So he wasn't there when it happened. He was nearly at the door of their family apartment when David's shouts and Matt's scream reached him. He remembered rushing down the stairs to where the both his older and younger brother had been fighting, only to find the latter on the floor unconscious, eyes shut in pain with the elder hovering anxiously nearby.

"What did you do? What the_ hell_ did you do?" John had screamed to his twin brother, and David merely stood there, pressed against the walls of the stairs, tears pouring down his face as he kept muttering, "I didn't want to, I didn't know…"

"Help me instead of doing nothing, you git!" John hissed out, his rare anger flaring out at his identical copy. It was only then that David rushed to the nearest floor and knocked on the first apartment to ask them to borrow their phone to call the ambulance.

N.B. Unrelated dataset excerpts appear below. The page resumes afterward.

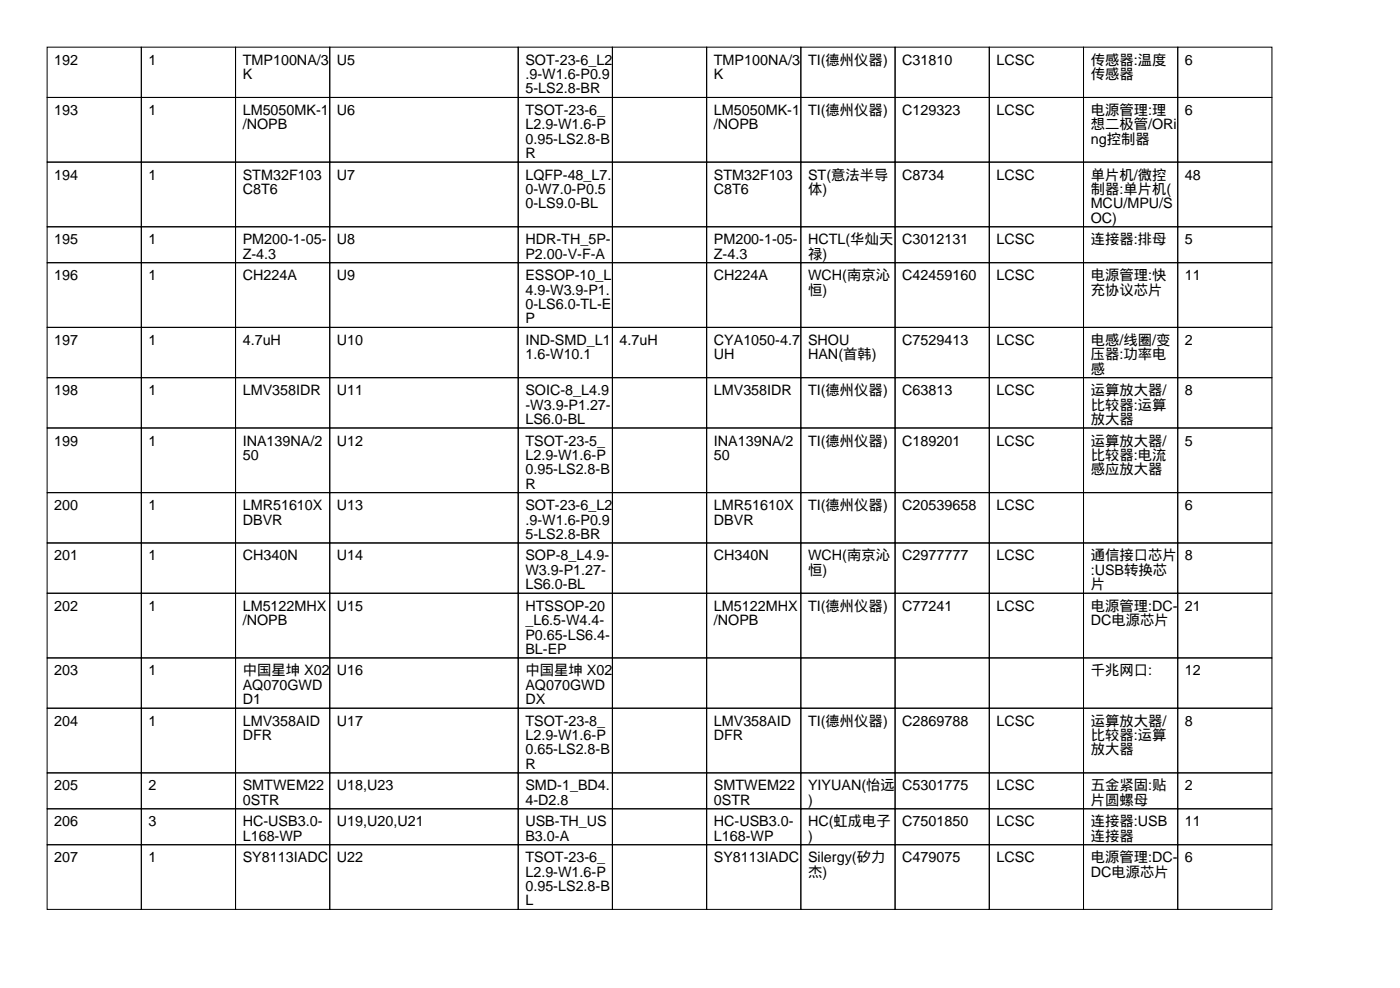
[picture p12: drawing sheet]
<svg xmlns="http://www.w3.org/2000/svg" width="297mm" height="210mm" viewBox="0 0 297 210" stroke-linecap="round" stroke-linejoin="round" font-family="sans-serif">
<defs><g id="words">
<g font-size="3">
<text x="11.5" y="13.7">192</text>
<text x="31.5" y="13.7">1</text>
<text x="51.5" y="13.7">TMP100NA/3</text>
<text x="51.5" y="16.8">K</text>
<text x="71.5" y="13.7">U5</text>
<text x="111.5" y="13.7">SOT-23-6_L2</text>
<text x="111.5" y="16.8">.9-W1.6-P0.9</text>
<text x="151.5" y="13.7">TMP100NA/3</text>
<text x="151.5" y="16.8">K</text>
<text x="171.5" y="13.7">TI(德州仪器)</text>
<text x="191.5" y="13.7">C31810</text>
<text x="211.5" y="13.7">LCSC</text>
<text x="231.5" y="13.7">传感器:温度</text>
<text x="231.5" y="16.8">传感器</text>
<text x="251.5" y="13.7">6</text>
<text x="111.5" y="19.8">5-LS2.8-BR</text>
<text x="11.5" y="24.4">193</text>
<text x="31.5" y="24.4">1</text>
<text x="51.5" y="24.4">LM5050MK-1</text>
<text x="51.5" y="27.4">/NOPB</text>
<text x="71.5" y="24.4">U6</text>
<text x="111.5" y="24.4">TSOT-23-6_</text>
<text x="111.5" y="27.4">L2.9-W1.6-P</text>
<text x="151.5" y="24.4">LM5050MK-1</text>
<text x="151.5" y="27.4">/NOPB</text>
<text x="171.5" y="24.4">TI(德州仪器)</text>
<text x="191.5" y="24.4">C129323</text>
<text x="211.5" y="24.4">LCSC</text>
<text x="231.5" y="24.4">电源管理:理</text>
<text x="231.5" y="27.4">想二极管/ORi</text>
<text x="251.5" y="24.4">6</text>
<text x="111.5" y="30.5">0.95-LS2.8-B</text>
<text x="111.5" y="33.5">R</text>
<text x="231.5" y="30.5">ng控制器</text>
<text x="11.5" y="38.1">194</text>
<text x="31.5" y="38.1">1</text>
<text x="51.5" y="38.1">STM32F103</text>
<text x="51.5" y="41.2">C8T6</text>
<text x="71.5" y="38.1">U7</text>
<text x="111.5" y="38.1">LQFP-48_L7.</text>
<text x="111.5" y="41.2">0-W7.0-P0.5</text>
<text x="151.5" y="38.1">STM32F103</text>
<text x="151.5" y="41.2">C8T6</text>
<text x="171.5" y="38.1">ST(意法半导</text>
<text x="171.5" y="41.2">体)</text>
<text x="191.5" y="38.1">C8734</text>
<text x="211.5" y="38.1">LCSC</text>
<text x="231.5" y="38.1">单片机/微控</text>
<text x="231.5" y="41.2">制器:单片机(</text>
<text x="251.5" y="38.1">48</text>
<text x="111.5" y="44.2">0-LS9.0-BL</text>
<text x="231.5" y="44.2">MCU/MPU/S</text>
<text x="231.5" y="47.2">OC)</text>
<text x="11.5" y="51.8">195</text>
<text x="31.5" y="51.8">1</text>
<text x="51.5" y="51.8">PM200-1-05-</text>
<text x="71.5" y="51.8">U8</text>
<text x="111.5" y="51.8">HDR-TH_5P-</text>
<text x="151.5" y="51.8">PM200-1-05-</text>
<text x="171.5" y="51.8">HCTL(华灿天</text>
<text x="191.5" y="51.8">C3012131</text>
<text x="211.5" y="51.8">LCSC</text>
<text x="231.5" y="51.8">连接器:排母</text>
<text x="251.5" y="51.8">5</text>
<text x="11.5" y="59.4">196</text>
<text x="31.5" y="59.4">1</text>
<text x="51.5" y="54.9">Z-4.3</text>
<text x="51.5" y="59.4">CH224A</text>
<text x="71.5" y="59.4">U9</text>
<text x="111.5" y="54.9">P2.00-V-F-A</text>
<text x="111.5" y="59.4">ESSOP-10_L</text>
<text x="151.5" y="54.9">Z-4.3</text>
<text x="151.5" y="59.4">CH224A</text>
<text x="171.5" y="54.9">禄)</text>
<text x="171.5" y="59.4">WCH(南京沁</text>
<text x="191.5" y="59.4">C42459160</text>
<text x="211.5" y="59.4">LCSC</text>
<text x="231.5" y="59.4">电源管理:快</text>
<text x="251.5" y="59.4">11</text>
<text x="111.5" y="62.5">4.9-W3.9-P1.</text>
<text x="111.5" y="65.5">0-LS6.0-TL-E</text>
<text x="171.5" y="62.5">恒)</text>
<text x="231.5" y="62.5">充协议芯片</text>
<text x="111.5" y="68.6">P</text>
<text x="11.5" y="73.2">197</text>
<text x="31.5" y="73.2">1</text>
<text x="51.5" y="73.2">4.7uH</text>
<text x="71.5" y="73.2">U10</text>
<text x="111.5" y="73.2">IND-SMD_L1</text>
<text x="111.5" y="76.2">1.6-W10.1</text>
<text x="131.5" y="73.2">4.7uH</text>
<text x="151.5" y="73.2">CYA1050-4.7</text>
<text x="151.5" y="76.2">UH</text>
<text x="171.5" y="73.2">SHOU</text>
<text x="171.5" y="76.2">HAN(首韩)</text>
<text x="191.5" y="73.2">C7529413</text>
<text x="211.5" y="73.2">LCSC</text>
<text x="231.5" y="73.2">电感/线圈/变</text>
<text x="231.5" y="76.2">压器:功率电</text>
<text x="251.5" y="73.2">2</text>
<text x="11.5" y="83.8">198</text>
<text x="31.5" y="83.8">1</text>
<text x="51.5" y="83.8">LMV358IDR</text>
<text x="71.5" y="83.8">U11</text>
<text x="111.5" y="83.8">SOIC-8_L4.9</text>
<text x="151.5" y="83.8">LMV358IDR</text>
<text x="171.5" y="83.8">TI(德州仪器)</text>
<text x="191.5" y="83.8">C63813</text>
<text x="211.5" y="83.8">LCSC</text>
<text x="231.5" y="79.3">感</text>
<text x="231.5" y="83.8">运算放大器/</text>
<text x="251.5" y="83.8">8</text>
<text x="111.5" y="86.9">-W3.9-P1.27-</text>
<text x="111.5" y="89.9">LS6.0-BL</text>
<text x="231.5" y="86.9">比较器:运算</text>
<text x="231.5" y="89.9">放大器</text>
<text x="11.5" y="94.5">199</text>
<text x="31.5" y="94.5">1</text>
<text x="51.5" y="94.5">INA139NA/2</text>
<text x="71.5" y="94.5">U12</text>
<text x="111.5" y="94.5">TSOT-23-5_</text>
<text x="151.5" y="94.5">INA139NA/2</text>
<text x="171.5" y="94.5">TI(德州仪器)</text>
<text x="191.5" y="94.5">C189201</text>
<text x="211.5" y="94.5">LCSC</text>
<text x="231.5" y="94.5">运算放大器/</text>
<text x="251.5" y="94.5">5</text>
<text x="51.5" y="97.5">50</text>
<text x="111.5" y="97.5">L2.9-W1.6-P</text>
<text x="111.5" y="100.6">0.95-LS2.8-B</text>
<text x="151.5" y="97.5">50</text>
<text x="231.5" y="97.5">比较器:电流</text>
<text x="231.5" y="100.6">感应放大器</text>
<text x="111.5" y="103.6">R</text>
<text x="11.5" y="108.2">200</text>
<text x="31.5" y="108.2">1</text>
<text x="51.5" y="108.2">LMR51610X</text>
<text x="51.5" y="111.3">DBVR</text>
<text x="71.5" y="108.2">U13</text>
<text x="111.5" y="108.2">SOT-23-6_L2</text>
<text x="111.5" y="111.3">.9-W1.6-P0.9</text>
<text x="151.5" y="108.2">LMR51610X</text>
<text x="151.5" y="111.3">DBVR</text>
<text x="171.5" y="108.2">TI(德州仪器)</text>
<text x="191.5" y="108.2">C20539658</text>
<text x="211.5" y="108.2">LCSC</text>
<text x="251.5" y="108.2">6</text>
<text x="11.5" y="118.9">201</text>
<text x="31.5" y="118.9">1</text>
<text x="51.5" y="118.9">CH340N</text>
<text x="71.5" y="118.9">U14</text>
<text x="111.5" y="114.3">5-LS2.8-BR</text>
<text x="111.5" y="118.9">SOP-8_L4.9-</text>
<text x="151.5" y="118.9">CH340N</text>
<text x="171.5" y="118.9">WCH(南京沁</text>
<text x="191.5" y="118.9">C2977777</text>
<text x="211.5" y="118.9">LCSC</text>
<text x="231.5" y="118.9">通信接口芯片</text>
<text x="251.5" y="118.9">8</text>
<text x="111.5" y="121.9">W3.9-P1.27-</text>
<text x="111.5" y="125">LS6.0-BL</text>
<text x="171.5" y="121.9">恒)</text>
<text x="231.5" y="121.9">:USB转换芯</text>
<text x="231.5" y="125">片</text>
<text x="11.5" y="129.5">202</text>
<text x="31.5" y="129.5">1</text>
<text x="51.5" y="129.5">LM5122MHX</text>
<text x="71.5" y="129.5">U15</text>
<text x="111.5" y="129.5">HTSSOP-20</text>
<text x="151.5" y="129.5">LM5122MHX</text>
<text x="171.5" y="129.5">TI(德州仪器)</text>
<text x="191.5" y="129.5">C77241</text>
<text x="211.5" y="129.5">LCSC</text>
<text x="231.5" y="129.5">电源管理:DC-</text>
<text x="251.5" y="129.5">21</text>
<text x="51.5" y="132.6">/NOPB</text>
<text x="111.5" y="132.6">_L6.5-W4.4-</text>
<text x="111.5" y="135.6">P0.65-LS6.4-</text>
<text x="151.5" y="132.6">/NOPB</text>
<text x="231.5" y="132.6">DC电源芯片</text>
<text x="11.5" y="143.3">203</text>
<text x="31.5" y="143.3">1</text>
<text x="51.5" y="143.3">中国星坤 X02</text>
<text x="71.5" y="143.3">U16</text>
<text x="111.5" y="138.7">BL-EP</text>
<text x="111.5" y="143.3">中国星坤 X02</text>
<text x="231.5" y="143.3">千兆网口:</text>
<text x="251.5" y="143.3">12</text>
<text x="51.5" y="146.3">AQ070GWD</text>
<text x="51.5" y="149.4">D1</text>
<text x="111.5" y="146.3">AQ070GWD</text>
<text x="111.5" y="149.4">DX</text>
<text x="11.5" y="153.9">204</text>
<text x="31.5" y="153.9">1</text>
<text x="51.5" y="153.9">LMV358AID</text>
<text x="71.5" y="153.9">U17</text>
<text x="111.5" y="153.9">TSOT-23-8_</text>
<text x="151.5" y="153.9">LMV358AID</text>
<text x="171.5" y="153.9">TI(德州仪器)</text>
<text x="191.5" y="153.9">C2869788</text>
<text x="211.5" y="153.9">LCSC</text>
<text x="231.5" y="153.9">运算放大器/</text>
<text x="251.5" y="153.9">8</text>
<text x="51.5" y="157">DFR</text>
<text x="111.5" y="157">L2.9-W1.6-P</text>
<text x="111.5" y="160">0.65-LS2.8-B</text>
<text x="151.5" y="157">DFR</text>
<text x="231.5" y="157">比较器:运算</text>
<text x="231.5" y="160">放大器</text>
<text x="11.5" y="167.6">205</text>
<text x="31.5" y="167.6">2</text>
<text x="51.5" y="167.6">SMTWEM22</text>
<text x="71.5" y="167.6">U18,U23</text>
<text x="111.5" y="163.1">R</text>
<text x="111.5" y="167.6">SMD-1_BD4.</text>
<text x="151.5" y="167.6">SMTWEM22</text>
<text x="171.5" y="167.6">YIYUAN(怡远</text>
<text x="191.5" y="167.6">C5301775</text>
<text x="211.5" y="167.6">LCSC</text>
<text x="231.5" y="167.6">五金紧固:贴</text>
<text x="251.5" y="167.6">2</text>
<text x="51.5" y="170.7">0STR</text>
<text x="111.5" y="170.7">4-D2.8</text>
<text x="151.5" y="170.7">0STR</text>
<text x="171.5" y="170.7">)</text>
<text x="231.5" y="170.7">片圆螺母</text>
<text x="11.5" y="175.3">206</text>
<text x="31.5" y="175.3">3</text>
<text x="51.5" y="175.3">HC-USB3.0-</text>
<text x="51.5" y="178.3">L168-WP</text>
<text x="71.5" y="175.3">U19,U20,U21</text>
<text x="111.5" y="175.3">USB-TH_US</text>
<text x="111.5" y="178.3">B3.0-A</text>
<text x="151.5" y="175.3">HC-USB3.0-</text>
<text x="151.5" y="178.3">L168-WP</text>
<text x="171.5" y="175.3">HC(虹成电子</text>
<text x="171.5" y="178.3">)</text>
<text x="191.5" y="175.3">C7501850</text>
<text x="211.5" y="175.3">LCSC</text>
<text x="231.5" y="175.3">连接器:USB</text>
<text x="231.5" y="178.3">连接器</text>
<text x="251.5" y="175.3">11</text>
<text x="11.5" y="182.9">207</text>
<text x="31.5" y="182.9">1</text>
<text x="51.5" y="182.9">SY8113IADC</text>
<text x="71.5" y="182.9">U22</text>
<text x="111.5" y="182.9">TSOT-23-6_</text>
<text x="111.5" y="185.9">L2.9-W1.6-P</text>
<text x="151.5" y="182.9">SY8113IADC</text>
<text x="171.5" y="182.9">Silergy(矽力</text>
<text x="171.5" y="185.9">杰)</text>
<text x="191.5" y="182.9">C479075</text>
<text x="211.5" y="182.9">LCSC</text>
<text x="231.5" y="182.9">电源管理:DC-</text>
<text x="231.5" y="185.9">DC电源芯片</text>
<text x="251.5" y="182.9">6</text>
<text x="111.5" y="189">0.95-LS2.8-B</text>
<text x="111.5" y="192">L</text>
</g>
</g></defs>
<g fill="none" stroke="#000" stroke-width=".21">
<path d="M10 10h20v10.7h-20zM30 10h20v10.7h-20zM50 10h20v10.7h-20zM70 10h40v10.7h-40zM110 10h20v10.7h-20zM130 10h20v10.7h-20zM150 10h20v10.7h-20zM170 10h20v10.7h-20zM190 10h20v10.7h-20zM210 10h20v10.7h-20zM230 10h20v10.7h-20zM250 10h20v10.7h-20z"/>
<path d="M10 20.7h20v13.7h-20zM10 34.4h20v13.7h-20zM30 20.7h20v13.7h-20zM30 34.4h20v13.7h-20zM50 20.7h20v13.7h-20zM50 34.4h20v13.7h-20zM70 20.7h40v13.7h-40zM70 34.4h40v13.7h-40zM110 20.7h20v13.7h-20zM110 34.4h20v13.7h-20zM130 20.7h20v13.7h-20zM130 34.4h20v13.7h-20z"/>
<path d="M150 20.7h20v13.7h-20zM150 34.4h20v13.7h-20zM170 20.7h20v13.7h-20zM170 34.4h20v13.7h-20zM190 20.7h20v13.7h-20zM190 34.4h20v13.7h-20zM210 20.7h20v13.7h-20zM210 34.4h20v13.7h-20zM230 20.7h20v13.7h-20zM230 34.4h20v13.7h-20zM250 20.7h20v13.7h-20zM250 34.4h20v13.7h-20z"/>
<path d="M10 48.1h20v7.6h-20zM10 55.7h20v13.7h-20zM30 48.1h20v7.6h-20zM30 55.7h20v13.7h-20zM50 48.1h20v7.6h-20zM50 55.7h20v13.7h-20zM70 48.1h40v7.6h-40zM70 55.7h40v13.7h-40zM110 48.1h20v7.6h-20zM110 55.7h20v13.7h-20zM130 48.1h20v7.6h-20zM130 55.7h20v13.7h-20z"/>
<path d="M150 48.1h20v7.6h-20zM150 55.7h20v13.7h-20zM170 48.1h20v7.6h-20zM170 55.7h20v13.7h-20zM190 48.1h20v7.6h-20zM190 55.7h20v13.7h-20zM210 48.1h20v7.6h-20zM210 55.7h20v13.7h-20zM230 48.1h20v7.6h-20zM230 55.7h20v13.7h-20zM250 48.1h20v7.6h-20zM250 55.7h20v13.7h-20z"/>
<path d="M10 69.4h20v10.7h-20zM30 69.4h20v10.7h-20zM50 69.4h20v10.7h-20zM70 69.4h40v10.7h-40zM110 69.4h20v10.7h-20zM130 69.4h20v10.7h-20zM150 69.4h20v10.7h-20zM170 69.4h20v10.7h-20zM190 69.4h20v10.7h-20zM210 69.4h20v10.7h-20zM230 69.4h20v10.7h-20zM250 69.4h20v10.7h-20z"/>
<path d="M10 80.1h20v10.7h-20zM10 90.8h20v13.7h-20zM30 80.1h20v10.7h-20zM30 90.8h20v13.7h-20zM50 80.1h20v10.7h-20zM50 90.8h20v13.7h-20zM70 80.1h40v10.7h-40zM70 90.8h40v13.7h-40zM110 80.1h20v10.7h-20zM110 90.8h20v13.7h-20zM130 80.1h20v10.7h-20zM130 90.8h20v13.7h-20z"/>
<path d="M150 80.1h20v10.7h-20zM150 90.8h20v13.7h-20zM170 80.1h20v10.7h-20zM170 90.8h20v13.7h-20zM190 80.1h20v10.7h-20zM190 90.8h20v13.7h-20zM210 80.1h20v10.7h-20zM210 90.8h20v13.7h-20zM230 80.1h20v10.7h-20zM230 90.8h20v13.7h-20zM250 80.1h20v10.7h-20zM250 90.8h20v13.7h-20z"/>
<path d="M10 104.5h20v10.7h-20zM10 115.2h20v10.6h-20zM30 104.5h20v10.7h-20zM30 115.2h20v10.6h-20zM50 104.5h20v10.7h-20zM50 115.2h20v10.6h-20zM70 104.5h40v10.7h-40zM70 115.2h40v10.6h-40zM110 104.5h20v10.7h-20zM110 115.2h20v10.6h-20zM130 104.5h20v10.7h-20zM130 115.2h20v10.6h-20z"/>
<path d="M150 104.5h20v10.7h-20zM150 115.2h20v10.6h-20zM170 104.5h20v10.7h-20zM170 115.2h20v10.6h-20zM190 104.5h20v10.7h-20zM190 115.2h20v10.6h-20zM210 104.5h20v10.7h-20zM210 115.2h20v10.6h-20zM230 104.5h20v10.7h-20zM230 115.2h20v10.6h-20zM250 104.5h20v10.7h-20zM250 115.2h20v10.6h-20z"/>
<path d="M10 125.8h20v13.7h-20zM10 139.5h20v10.7h-20zM30 125.8h20v13.7h-20zM30 139.5h20v10.7h-20zM50 125.8h20v13.7h-20zM50 139.5h20v10.7h-20zM70 125.8h40v13.7h-40zM70 139.5h40v10.7h-40zM110 125.8h20v13.7h-20zM110 139.5h20v10.7h-20zM130 125.8h20v13.7h-20zM130 139.5h20v10.7h-20z"/>
<path d="M150 125.8h20v13.7h-20zM150 139.5h20v10.7h-20zM170 125.8h20v13.7h-20zM170 139.5h20v10.7h-20zM190 125.8h20v13.7h-20zM190 139.5h20v10.7h-20zM210 125.8h20v13.7h-20zM210 139.5h20v10.7h-20zM230 125.8h20v13.7h-20zM230 139.5h20v10.7h-20zM250 125.8h20v13.7h-20zM250 139.5h20v10.7h-20z"/>
<path d="M10 150.2h20v13.7h-20zM30 150.2h20v13.7h-20zM50 150.2h20v13.7h-20zM70 150.2h40v13.7h-40zM110 150.2h20v13.7h-20zM130 150.2h20v13.7h-20zM150 150.2h20v13.7h-20zM170 150.2h20v13.7h-20zM190 150.2h20v13.7h-20zM210 150.2h20v13.7h-20zM230 150.2h20v13.7h-20zM250 150.2h20v13.7h-20z"/>
<path d="M10 163.9h20v7.6h-20zM10 171.5h20v7.7h-20zM10 179.2h20v13.7h-20zM30 163.9h20v7.6h-20zM30 171.5h20v7.7h-20zM30 179.2h20v13.7h-20zM50 163.9h20v7.6h-20zM50 171.5h20v7.7h-20zM50 179.2h20v13.7h-20zM70 163.9h40v7.6h-40zM70 171.5h40v7.7h-40zM70 179.2h40v13.7h-40z"/>
<path d="M110 163.9h20v7.6h-20zM110 171.5h20v7.7h-20zM110 179.2h20v13.7h-20zM130 163.9h20v7.6h-20zM130 171.5h20v7.7h-20zM130 179.2h20v13.7h-20zM150 163.9h20v7.6h-20zM150 171.5h20v7.7h-20zM150 179.2h20v13.7h-20zM170 163.9h20v7.6h-20zM170 171.5h20v7.7h-20zM170 179.2h20v13.7h-20z"/>
<path d="M190 163.9h20v7.6h-20zM190 171.5h20v7.7h-20zM190 179.2h20v13.7h-20zM210 163.9h20v7.6h-20zM210 171.5h20v7.7h-20zM210 179.2h20v13.7h-20zM230 163.9h20v7.6h-20zM230 171.5h20v7.7h-20zM230 179.2h20v13.7h-20zM250 163.9h20v7.6h-20zM250 171.5h20v7.7h-20zM250 179.2h20v13.7h-20z"/>
</g>
<use href="#words"/>
</svg>

Even in his panicking state, John could tell that there was no concussion. The hospital later reaffirmed that. But as he and David waited for their parents in front of the emergency room, he probably should have made sure that David was okay, too.

It was a mistake that John would regret for ages to come.

John should definitely comforted David that day.

As John had started to research and read up on psychology, he theorized that since the incident was so traumatizing to David, he covered it up with other things. He buried it under clubs, homework, projects and other junk, and had eventually wiped it away from his mind. As John told this theory to his parents and a very quiet Matt, he couldn't help but think that it was just as if the entire happening of the accident was being covered up, albeit very badly.

From that day on, David never mentioned the incident again. He went on with his normal life, went to school, did his homework and sometimes visited Matt at the hospital, but the subject of what happened in the apartment was never brought up from him again.

Following his example, none of the other family members did so either.

The subject became tabooed.

But that didn't stop them from thinking about it. And to the rest of the family who did remember, it became the day that never was.

And the day that never was, was never to be mentioned, for it was a day that never was.

Oo0oO

As David in front of the hallway where Matt's room was, he couldn't help but notice how the other members of his family had kept shooting looks at him, as if they expected him to burst into tears. And that made David very, very confused.

He was just _fine_.

Rory had gone home with Amy. The redhead was reluctant to leave her friend at the hospital, but after some persuasion from her fiancé with promises that they would call her as soon as anything happened, she left with Rory, who kept rubbing circles on her back to comfort her.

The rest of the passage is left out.